河北潟にほど近い住宅街の中にあるのが須々幾神社である。特に特徴のある神社ではないが、創建は養老2年(718年)という古社であり、さらに『三州奇談』巻之四にはこの神社にまつわる怪異譚が記されている。

建久年間(1190~1199年)、加賀国井上荘の地頭となっていたのは鈴木三郎重家で、荒廃していたこの神社を造営し直し、その死後に塚が造られたという。そしてその5代末の新九郎という者がこの地に定住して農事に携わっていた。

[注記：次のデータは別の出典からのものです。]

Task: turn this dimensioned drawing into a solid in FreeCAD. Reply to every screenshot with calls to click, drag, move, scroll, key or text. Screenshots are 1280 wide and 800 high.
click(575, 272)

ある時、新九郎は河北潟へ釣りに出かけ大きな鱸(スズキ)を釣り上げたが、それはたちまち美女に化身し、新九郎はそれを妻とした。長らく睦まじく暮らしていたが、ある日突然新九郎宅に龍宮の使いがやって来ると、妻は忽然と消え失せてしまい、あとには1匹の大きな鱸の死骸が落ちていた。新九郎はそれを重家の塚に埋めて供養した。

その後新九郎も死ぬと同じく重家の塚に葬られたが、それ以降村人はその塚を指して“三すすき”と呼ぶようになり、さらに塚周辺に薄(ススキ)が生えるようになると社を建てて“三薄の宮”と称した。そして新九郎が亡くなった8月16日を祭礼の日として、宮に餅や酒を供えた。

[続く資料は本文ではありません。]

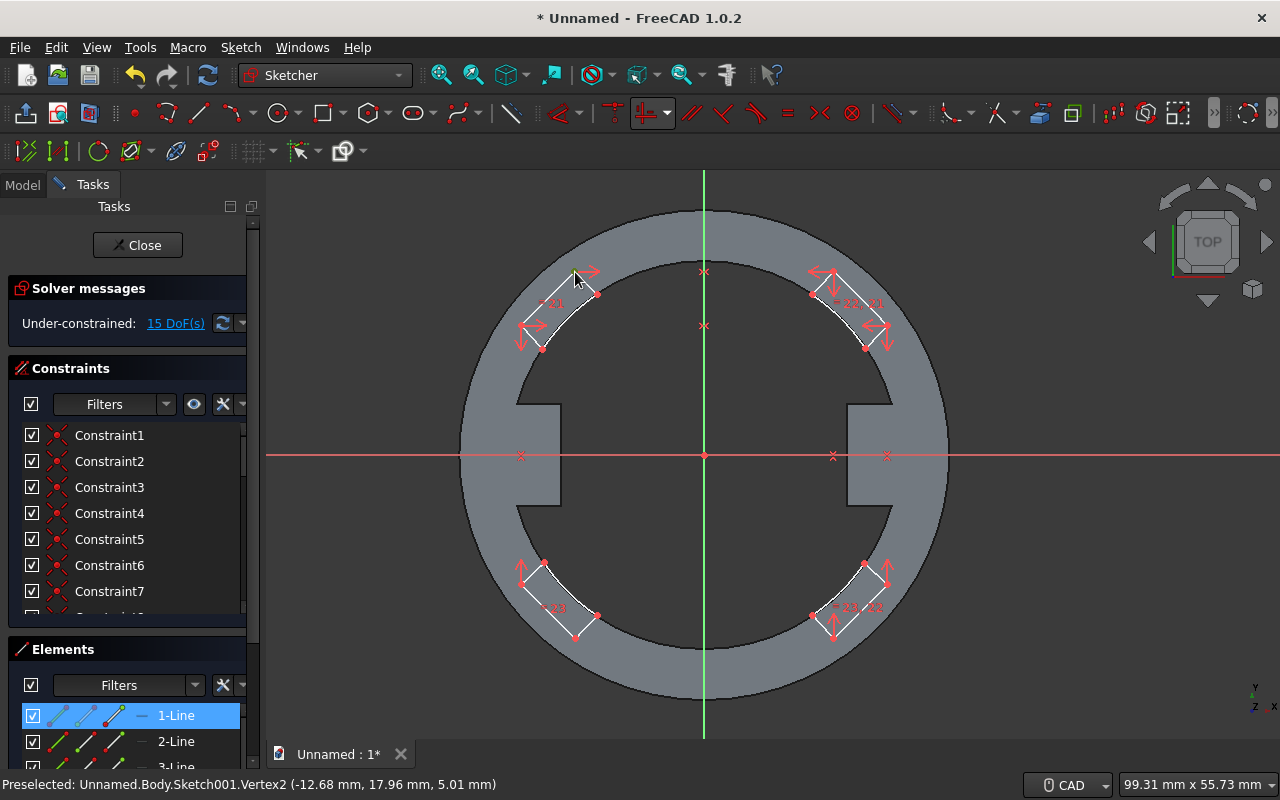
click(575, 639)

ところがある年、祭礼を怠ったところ、たちどころに村に疫病が流行りだし、村人は慌てて詫びの祭礼を11月16日に執りおこなうと、すぐに疫病は鎮まったという。それ以降周辺の薄は大いに生えたが、それを刈ると血が流れ出すため、村人は怖れて祭礼を欠かすことはしなかったという。

<用語解説>
◆『三州奇談』
金沢出身の俳人・堀麦水(1718-1783)の編による。成立は宝暦年間(1751-1764)から安永年間(1771-1781)の期間であるとされる。正編99話、続編50話の奇談が収められている。

◆鈴木三郎重家
1156-1189。紀州藤代鈴木家の当主であり、源義経の家臣として各地を転戦する。義経が兄頼朝と敵対し奥州へ逃れると、義経を慕って奥州へ身を寄せ、衣川の戦いで討死。一説では、岩手県宮古市にある横山八幡神社の宮司となったなど、衣川の戦い以後も生存していたとの伝承も残る。
なお史実では建久年間に井上荘の地頭に任ぜられていたのは津幡隆家とされている。